About this tutorial
This tutorial is for developers who need to build XML Schema support into Xerces-Java based applications. It discusses the XML Schema capabilities of the Xerces-Java 2.x parser and demonstrates their use in a Java application.
Familiarity with XML and Java technology is required. The tutorial covers the basics of the W3C XML Schema recommendation, so while it is helpful, no previous XML Schema knowledge is required. For basic XML information, see the XML programming in Java technology tutorial. An understanding of XML namespaces is also helpful; you can find basic background in the Understanding DOM tutorial.
The original XML specification included Document Type Definitions, or DTDs, which enabled developers to define a grammar, or structure, for their data. Validating parsers, such as IBM's XML4J or its descendant, Xerces, could then validate XML data against this grammar. The W3C XML Schema specification is an attempt to improve on the DTD -- eliminating some of its weaknesses -- and to allow developers to create XML grammars using XML syntax.
Several schema proposals exist, but this tutorial deals with the W3C XML Schema recommendation; this is the specification I mean when this tutorial mentions XML Schema (with an uppercase S). When I use the lowercase schema or schemas, I am referring to documents that I've written or that you might write that conform to the W3C XML Schema Recommendation.
Xerces-Java 1.x provided basic support for XML Schemas, but version 2.x offers essentially complete XML Schema support. This tutorial explains how to use the XML Schema-related features and properties of Xerces-Java to validate documents against an XML Schema document.
The tutorial begins with a quick review of the Document Object Model (DOM) and the Simple API for XML (SAX), and explains how to create a parser for each using Xerces 2.2.0.
Make sure that the following tools are installed and tested before beginning the tutorial:
- A Java Virtual Machine, such as the IBM Java machine or Sun's JDK 1.2 or higher must be installed and working on the target machine. You can find links to JVMs for various platforms in Resources. Users of Java 2 version 1.4.x need to make use of the The Endorsed Standards Override Mechanism.
- The Xerces-Java 2.0 binary files: Apache provides precompiled files, so you don't need the source files. Download the binaries.
-
A plain text editor for creating Java technology
applications.

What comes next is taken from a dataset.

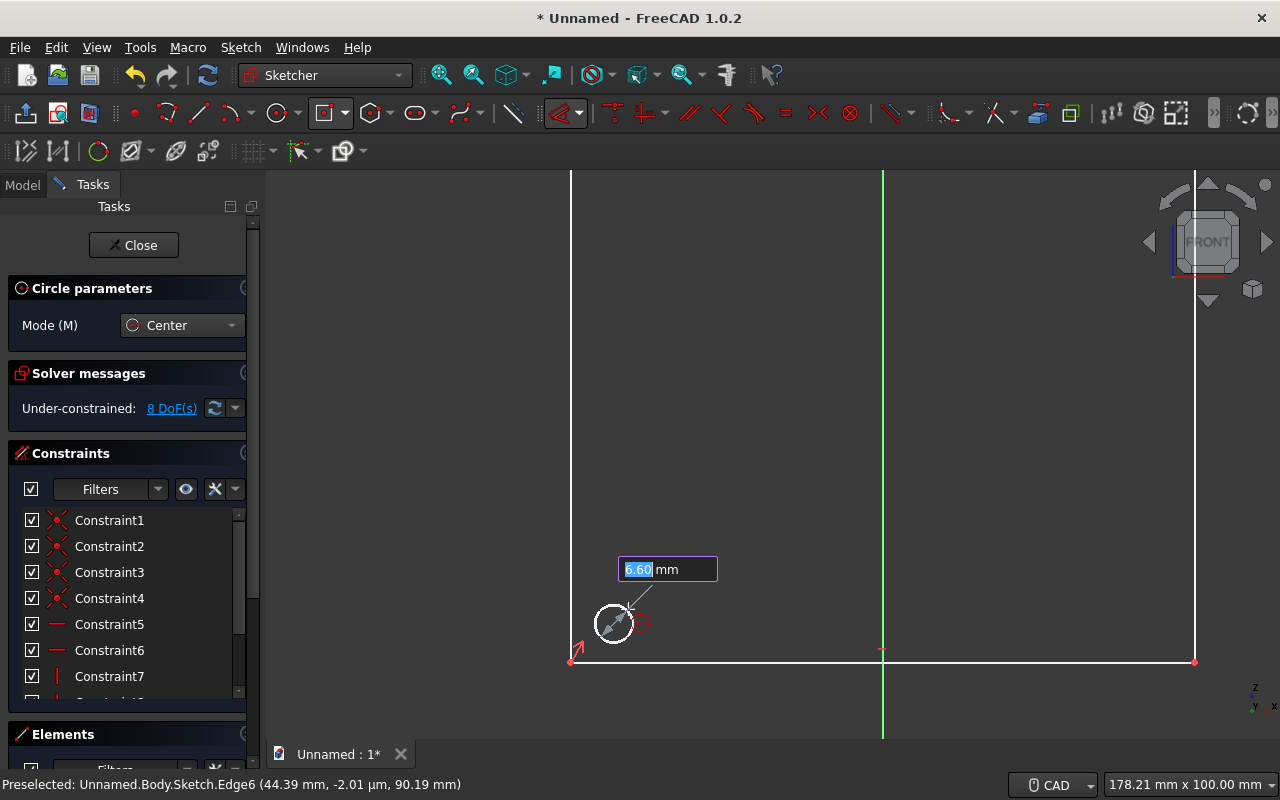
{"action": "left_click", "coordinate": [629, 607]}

If you choose to use an IDE such as VisualAge instead, make sure
that the Xerces
*.jarfiles are on the classpath, and that they precede any other XML APIs. (WebSphere Studio includes support for Xerces-J as part of the default install.)
The Endorsed Standards Override Mechanism
Many of the DOM- and SAX-related classes included in Xerces-J are also part of Java 1.4, and under normal circumstances, the versions included with Java will be used instead of those provided with Xerces.
Fortunately, these classes are "endorsed standards," so you can overide the Java version
using the Endorsed Standards Override Mechanism by placing the relevant jar files (in this
case, xercesImpl.jar) in the appropriate directory. The default location is
%JAVA_HOME%\lib\endorsed |
on Windows, or
%JAVA_HOME%/lib/endorsed |
on a Linux system.
Developers can also choose a new location by setting the java.endorsed.dirs system property.
Users of older versions of Java need not be concerned with this issue.